Global warming, nihilism, social alienation and "another day of glamorous euphoria in spite of it all" — it's hard to imagine a song that better conveys the strange contradictions of life in the 2020s than this one by Berlin-based dance DJ turned dream pop enchanter Avalon Emerson. Amid burbling bass octaves and playful, pillow-soft synths, Emerson coos bleak lines about crumbling cities and distant relationships, while a clever line about "heat death" blurs the line between the heating of the earth and the eventual freezing of the universe.
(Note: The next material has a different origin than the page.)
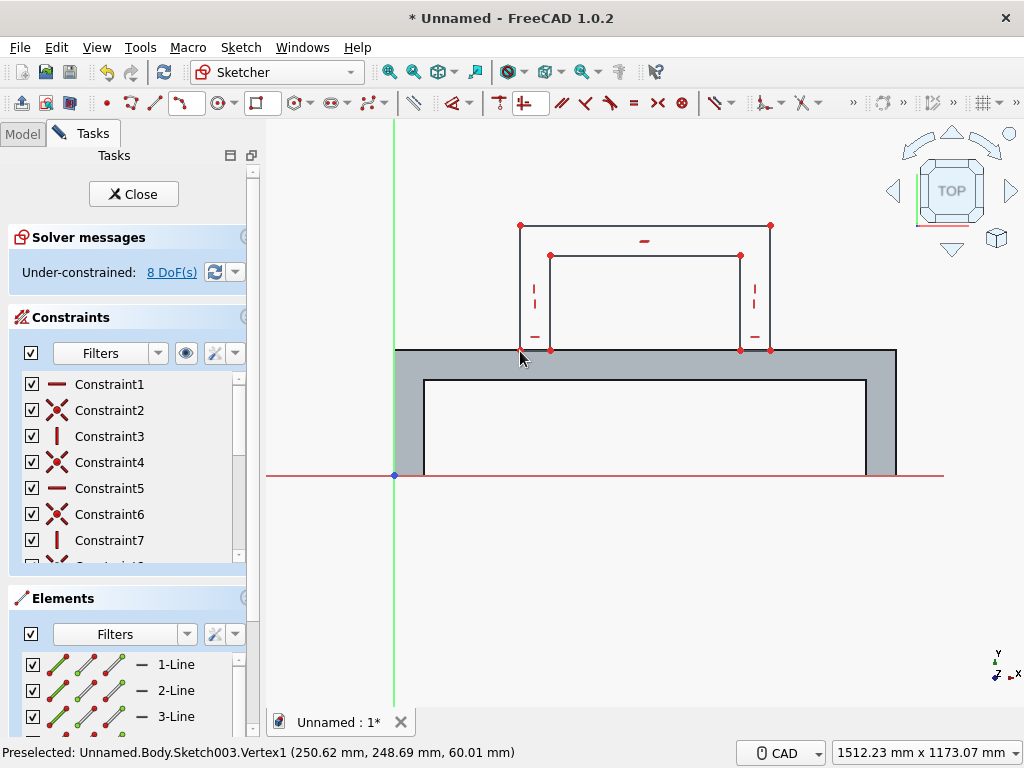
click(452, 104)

Grim stuff, but with Emerson impassively deadpanning a transcendent pop chorus, it's possible to join her in a fleeting moment of glamorous euphoria.
Alex Hudson

1. PinkPantheress and Ice Spice
"Boy's a liar Pt. 2"
(Warner Music)

At a time when both PinkPantheress and Ice Spice were on the verge of superstardom with inescapable TikTok bops like "Pain" and "Munch," the pair joined forces and delivered a generational hit with "Boy's a liar Pt. 2." An update on PinkPantheress's 2022 single, the collaboration sees both artists at the height of their abilities, uniting against duplicitous dudes over catchy-as-can-be production that plinks and bloops like an SNES soundtrack. Despite its emotional subject matter, it's light and airy, clocking in at just two addictive minutes and playfully pitting PinkPantheress's soft, sparkling vocals against Ice Spice's swaggering Bronx flow. It's a star-making moment from two of this generation's most promising artists — and it's almost impossible to listen to just once.